Reps still have both unrivaled access and special knowledge, but the HCP is still the connection to the patient. Based on their background and treatment experience, HPCs will have tendencies and sentiments the reps can capture. Prescription volumes will never reliably represent how a doctor feels about the drug and when to use it. Data generated by reps can provide this sentiment, but they have their biases. A data science team can help the reps capture that information and translate it into data. Predictive models can reveal and correct biases before predicting sentiment or even prescribing patterns. When prescription volumes are non-existent or infrequent, i.e., at launch or in rare disease, these custom strategies with non-clinical data become a strategic pillar.

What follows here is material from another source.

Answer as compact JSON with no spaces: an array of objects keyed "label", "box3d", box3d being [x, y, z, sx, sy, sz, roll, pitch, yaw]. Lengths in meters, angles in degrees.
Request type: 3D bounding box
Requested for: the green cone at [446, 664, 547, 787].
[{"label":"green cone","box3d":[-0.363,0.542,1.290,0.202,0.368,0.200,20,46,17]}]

With any employee generated data, incentives need to be aligned with accurate and honest entry. In one instance, a client setting up these collection pathways unknowingly created incentives which would incorrectly generate depressed figures. When the rep collected data on patient potential, the HCP hedged down, because they do not want to be hounded by the company as a prime target. Then the rep took that number and hedged down further, to give themselves extra space to meet quotas. If reps benefit from supplying bad data, they will supply bad data. If reps go through the trouble of collecting and entering accurate data, they want to see it used effectively. Groups supporting sales with analytics have a responsibility to do impactful things with any data reps collect.

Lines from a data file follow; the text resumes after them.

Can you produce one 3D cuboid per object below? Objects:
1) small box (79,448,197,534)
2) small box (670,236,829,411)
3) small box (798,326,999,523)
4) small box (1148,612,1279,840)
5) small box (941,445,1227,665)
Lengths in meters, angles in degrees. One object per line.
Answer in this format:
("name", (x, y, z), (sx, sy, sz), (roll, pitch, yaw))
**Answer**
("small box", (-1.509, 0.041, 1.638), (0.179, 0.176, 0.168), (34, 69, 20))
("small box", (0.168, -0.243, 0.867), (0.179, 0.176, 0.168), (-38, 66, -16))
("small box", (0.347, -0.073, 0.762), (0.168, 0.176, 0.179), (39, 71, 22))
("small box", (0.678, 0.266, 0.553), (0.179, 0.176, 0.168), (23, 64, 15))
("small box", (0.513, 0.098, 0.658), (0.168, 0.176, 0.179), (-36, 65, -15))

Where We Are Now – Access and the Pharmaceutical Sales Model in the Future
Face-to-face access has become increasingly challenging, even pre-COVID. Short term access was entirely restricted, but its long-term effects are more important. Certain regions, or certain hospital systems – especially larger ones – are continuing to push back wholesale on in-person interaction. Doctors may prefer face-to-face, in person interactions with their “favorite” reps and push others towards digital platforms. This will accelerate the trend of less access, or even less intimate virtual access. While face-to-face visits are more impactful on the relationship with the doctor, virtual visits may enable greater data collection. Live data entry is easier when you are already on a laptop, compared to standing in an office trying to keep eye contact. This is a key moment to collect qualitative information from the HCP. Firms can get creative with means of collection – the rep can use prebuilt surveys and complete it with the doctor as part of their conversation. Workarounds are not only needed in the in-person sphere, as data collection on the digital side is facing its own limitations. Privacy concerns are creating new difficulties analyzing digital marketing effectiveness. Organizations will have to be at their best to push forward creative solutions. Building effective data feedback loops between the organization and the sales reps will create trusted, impactful analytics and insights that will benefit the entire business.